In the process of ensuring the specificity of new diagnostic tools, it is critical that inadvertent cross-reactivity with non-target microorganisms inhabiting the host environment be taken into account and avoided. Community assessments of the boxwood rhizosphere using pyrosequencing have identified 445 fungal taxa14, which include a large and abundant cohort of closely related species that could potentially react with assays, thereby producing false positives. We observed no false positives when the three LAMP assays were used to test the environmental DNA extracted from those 445 fungal taxa, nor did we observe false positives from closely related congeneric species. Importantly, the three LAMP assays identified all known C. pseudonaviculata and C. henricotiae simple sequence repeat genotypes36 originating from across the United Kingdom, Europe, western Asia and North America.
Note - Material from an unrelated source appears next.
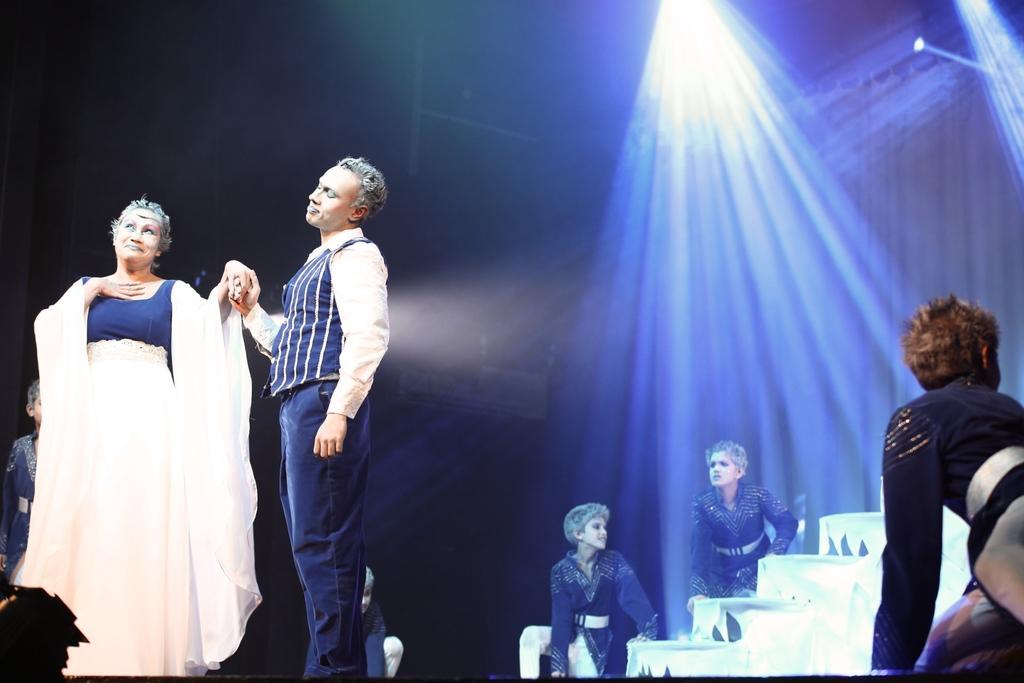Can you describe this image briefly? There are two persons standing on the left side is dancing and there are some persons in the background. There are some lights arranged at the top of this image.

Each of the three comparative-genomics-based approaches employed in the current study presented advantages and disadvantages for the identification of specific candidate marker regions. The “bioinformatics approach,” the only one to involve a high-throughput strategy, relied solely on a computational pipeline. For downstream applications where more than a single marker is needed, or where genome-wide datasets are required, this approach is advantageous in that it is much more likely to provide a larger cohort of candidate markers in a more reasonable time frame, relative to the “unique regions” and “SNP-based” approaches, which relied on initial manual assessments of candidate sequences in silico. The bioinformatics approach also had the advantage of eliminating potential sources of ascertainment bias, by treating all sequence data as equal based on ab initio parameters, without regard to whether or not the candidate region was situated in a gene, intron, or intergenic region. However, none of the 23 tested candidate markers derived from the computational pipeline yielded 100% target-specific markers when they were screened against biological samples in the wet lab. Performance of this method might be improved through optimization of parameters or increased evaluation of genome space. The candidate marker regions obtained from the computational pipeline were identified from only a single contig in C. pseudonaviculata CBS 139707, and all returned at least one significant alignment hit with a non-target Calonectria species. However, if all of the contigs from the organismal genomes were evaluated and exhaustively searched, it is possible that superior candidates could be found whose sequences have low or no similarity to those from non-target taxa, when performing alignments with FASTA or a similar program like BLAST. Performance of the method could also be improved by including additional genomes into the group of non-target taxa, use of a more stringent E-value, or different identity cutoff settings.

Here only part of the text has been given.